I DO keep a birding list for birds seen at my home, and of the birds I have seen in my home state of Washington. The home list is 50+ species and counting (over 10 years of observation). The state one is about 150 since I started keeping track about a year ago.
I report some of what I see to eBird, which is a useful citizen science tool. I admit that reporting to eBird has replaced my filling notebooks with a birds seen list. I’ve been slow to adapt to birding technology and recognize that it is helpful for others. Maybe someday I will use more of it.
Sharing birding with others:
Birding for me is not strictly recreational—it’s mission driven to educate and bring more people to the hobby toward a greater purpose of conservation. So I am an advocate for birding as a pastime and conservation as its endgame.
I tell people I’m a birder, cause I think it’s a fun fact, and I strive to “live my truth” as a conservation-minded person in the world. If I am not sharing birding and its greater purpose, I am not doing my part to keep birds around.
I love joining group walks as a participant, ready to learn. I’ve gone on walks with Seattle Audubon, Washington Audubon, the National Parks department, King County Parks department, and lately the Feminist Bird Club Seattle Chapter.
I love taking friends birding! I occasionally lead informal bird walks for and with friends, including the annual All Ladies Birding Tailgate to the Skagit Valley, which I co-lead with my sister Gilia. We advertise to Facebook friends in the area where we live and emphasize the sorority of the all day trip in addition to the birding.
Making birding a lifestyle
Birding is more than a personal pastime:
It’s using my senses.
It directs my observation of my surroundings.
It helps me relax.
Birds influence how I landscape my yard.
It informs my consumer choices—Bird Friendly Coffee, Forest Stewardship Council paper products, organically grown produce, and more about this to come.
Birding takes me to amazing places mostly near and occasionally far, and offers a special way to experience those places, whether I am visiting for the birds or for another purpose.
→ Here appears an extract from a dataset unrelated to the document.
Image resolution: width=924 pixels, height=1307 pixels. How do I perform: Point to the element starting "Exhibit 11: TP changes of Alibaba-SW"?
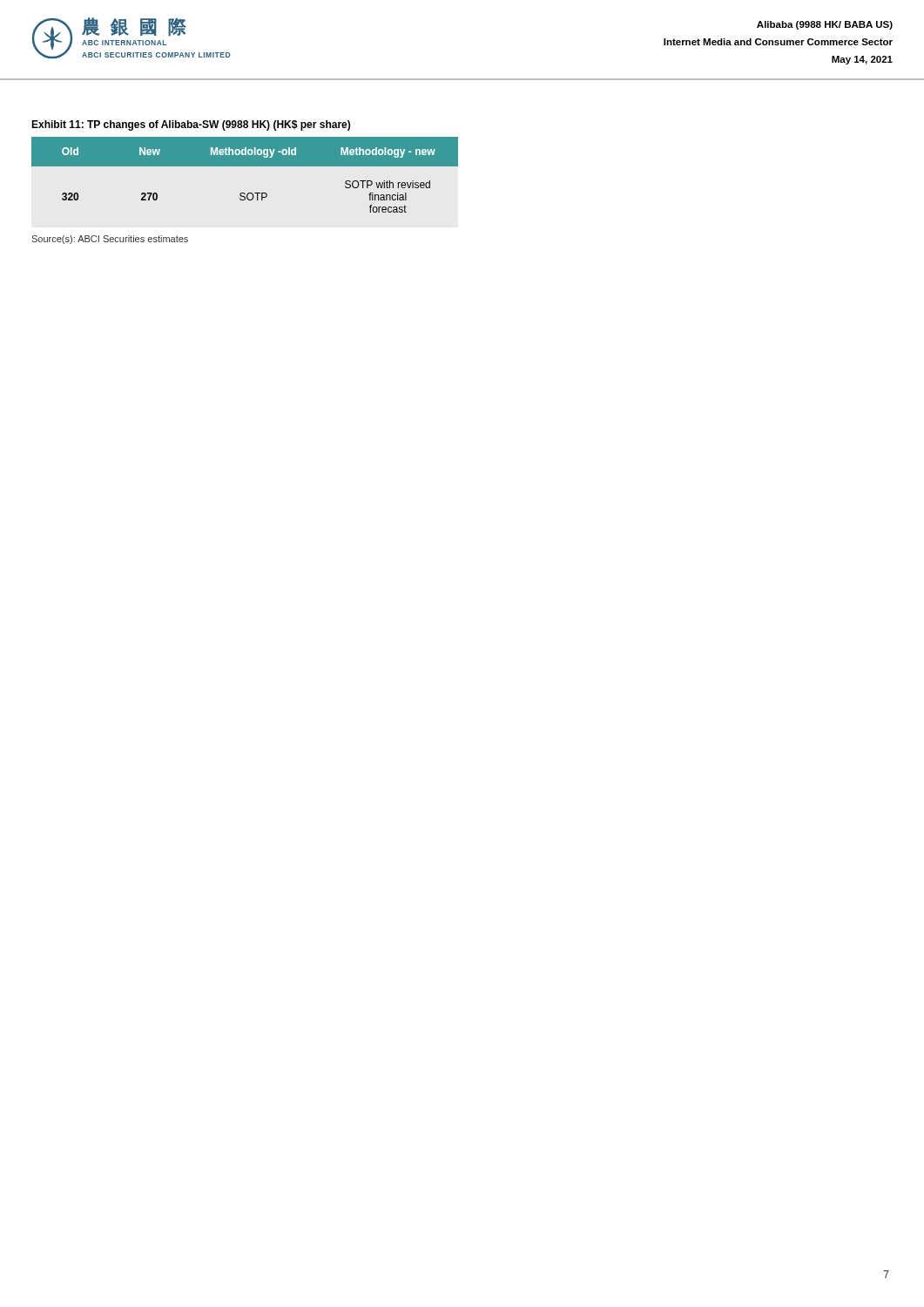(191, 125)
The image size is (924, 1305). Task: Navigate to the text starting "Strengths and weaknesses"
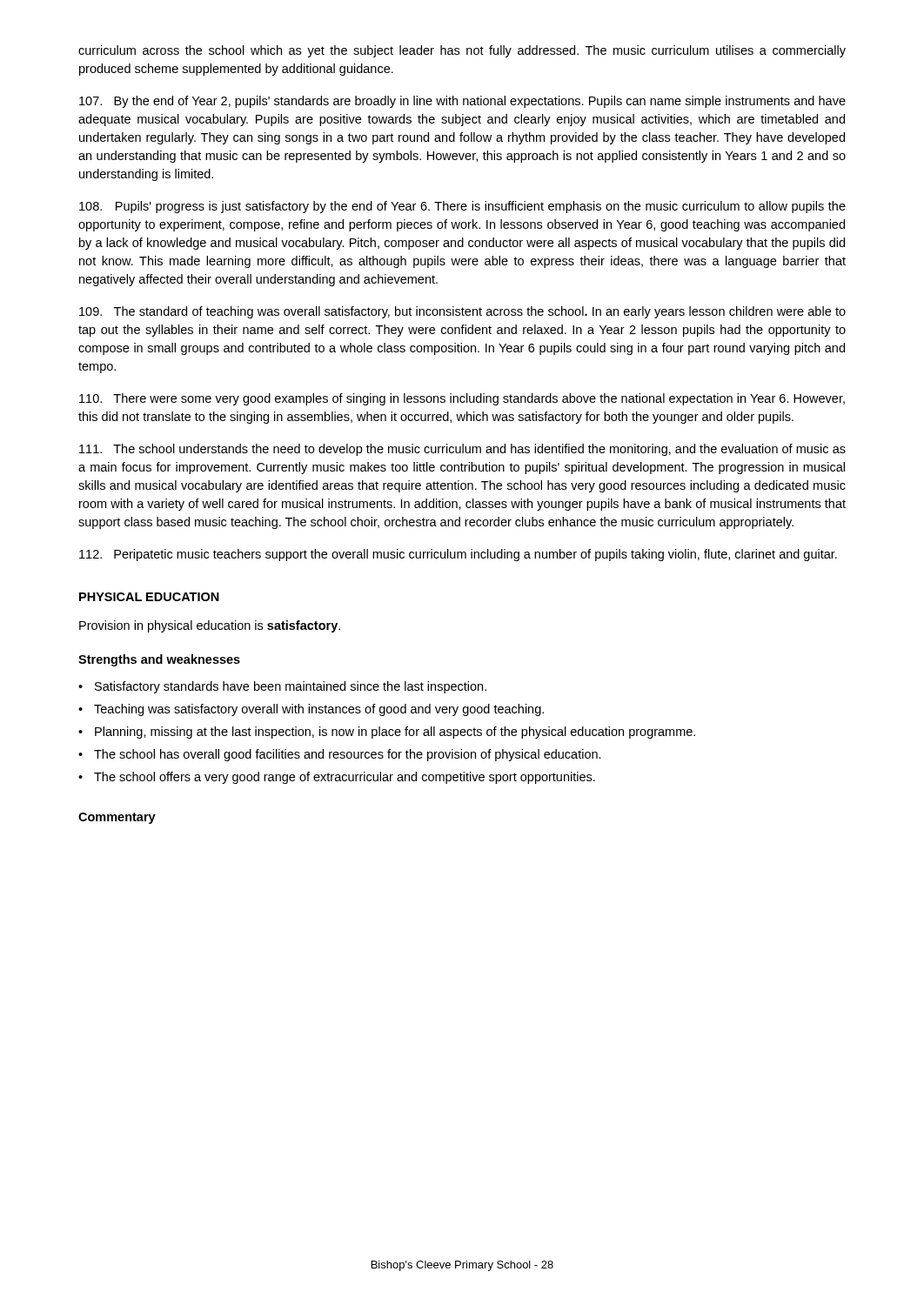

Birding is a community of people already interested and yet to be interested—all of them potential friends.
I’ve learned new (non-birding) skills through volunteering for bird conservation organizations.
I’ve found lifelong friends through birding.
I’ve introduced non-birders to birding with great results!
Lastly, and this would be obvious, birding has given me a creative outlet, and a community of readers who enjoy what I produce.
Thank you, birds!
What about you, how did you come to birding? Tell me in the comments; I’d love to hear your story.